Acknowledge uprising, Yunus's key advisor tells India
"This (recognition) is the first thing to start with. Bypassing the July uprising, the foundation of new Bangladesh will be detrimental to the relationship of both (the) countries.
DHAKA: India should unequivocally recognise the July-August uprising, which toppled prime minister Sheikh Hasina's regime, to start bilateral ties afresh, a key aide of Bangladesh's interim government said on Wednesday.
In a Facebook post, Mahfuj Alam -- considered a de facto minister in the interim government and a key leader of Bangladesh's Anti-Discrimination Students Movement -- noted that the Indian establishment tried to portray the uprising as something militant, anti-Hindu, and an Islamist takeover and asked India to change the Post '75 playbook and realise the new Bangladesh realities.
"This (recognition) is the first thing to start with.

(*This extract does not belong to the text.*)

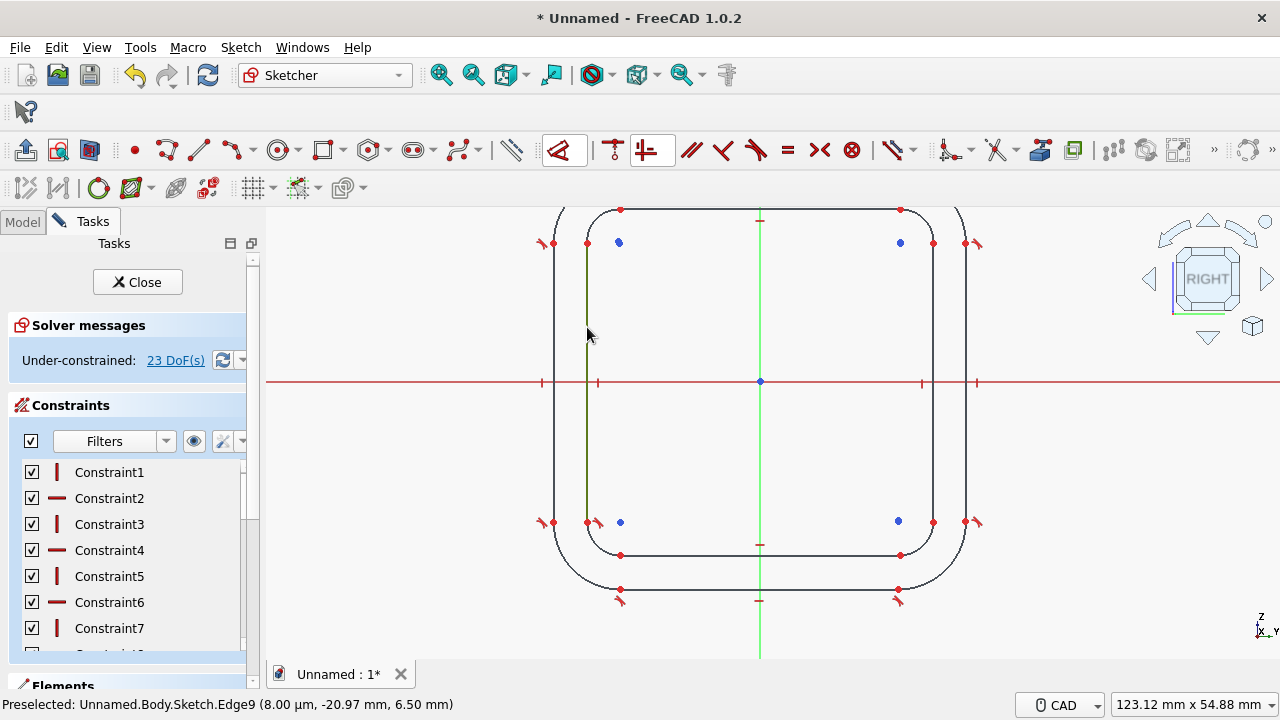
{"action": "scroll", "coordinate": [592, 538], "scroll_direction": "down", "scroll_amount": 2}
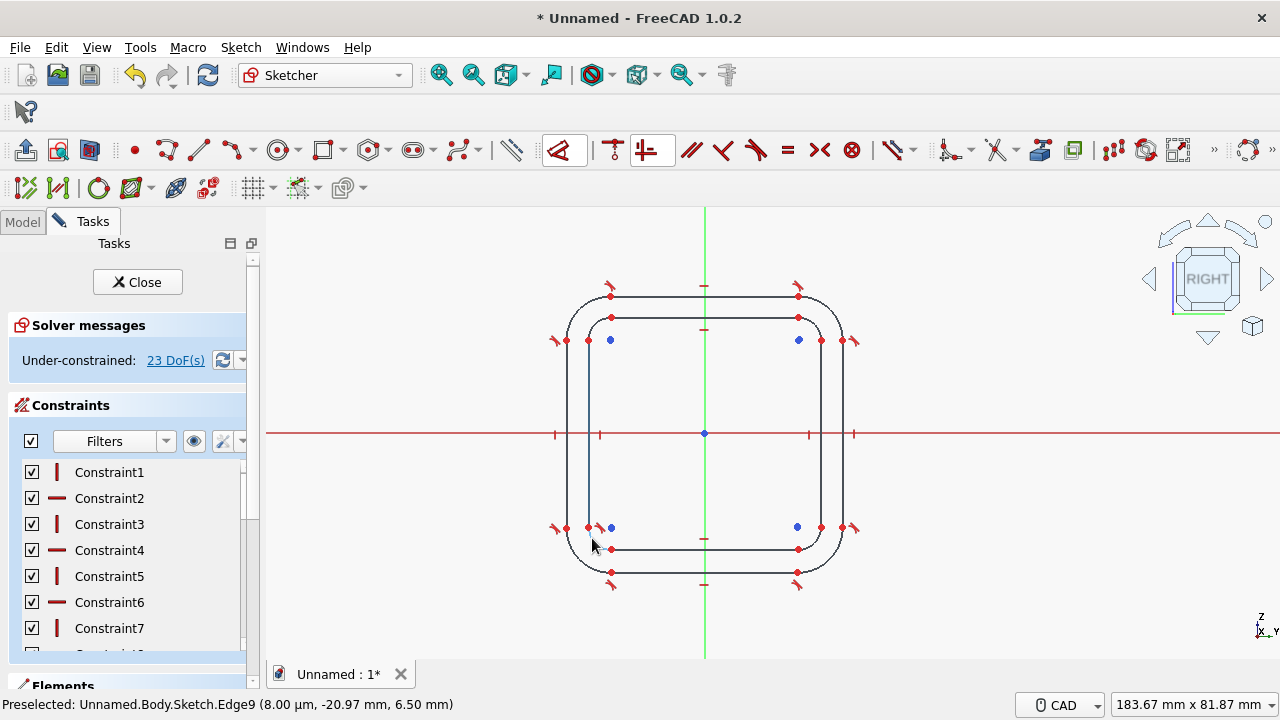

Bypassing the July uprising, the foundation of new Bangladesh will be detrimental to the relationship of both (the) countries.
"Indophiles, or Indian allies in this part of Bengal were thinking that things were going to cool down and bypassing the July uprising and the fascist's atrocities would not cost them anything, Alam wrote.
It was Alam's organisation that that led widespread protests against Hasina's Awami League-led government over a controversial job quota system starting mid-July resulting in toppling the five-term prime minister. Three days after Hasina fled to India on August 5, Muhammad Yunus, a Nobel laureate, took over as the chief adviser of the interim government.
The tension between the two neighbours simmering since August 5 aggravated further with the arrest of the Hindu monk Chinmoy Krishna Das last week.
"It's a wrong idea. People are watching everything!" said Alam, whom Yunus introduced to former US president Bill Clinton as the brain behind the whole revolution and amazingly planned July-August mass upheaval at a function of Clinton Global Initiative in New York in September.
Alam's Facebook statement headlined 'On India and its relationship with Bangladesh' said the Indian establishment tried to portray the uprising as something militant, anti-Hindu, and an Islamist takeover. But their propaganda and provocation are failing.
"India should change the Post '75 playbook and realise the new Bangladesh realities," he wrote in an apparent reference to the August 15, 1975 military coup that had toppled the post independence Awami League government of the country's founding leader Bangabandhu Sheikh Mujibur Rahman.
The putsch killed the leader, deposed premier Hasina's father, along with most of his family members.
Alam, considered by many as the main ideologue of the interim government, said the current Bangladesh scenario is not like a post-75-like situation as the July uprising was about a democratic, generational, and responsible struggle.
And, this struggle will continue for a long period, he added.
Alam's comments came as Dhaka-Delhi relations witness a major strain with India expressing concerns over exposure of Bangladesh's Hindu community to fright, a notion which Bangladesh vehemently opposed.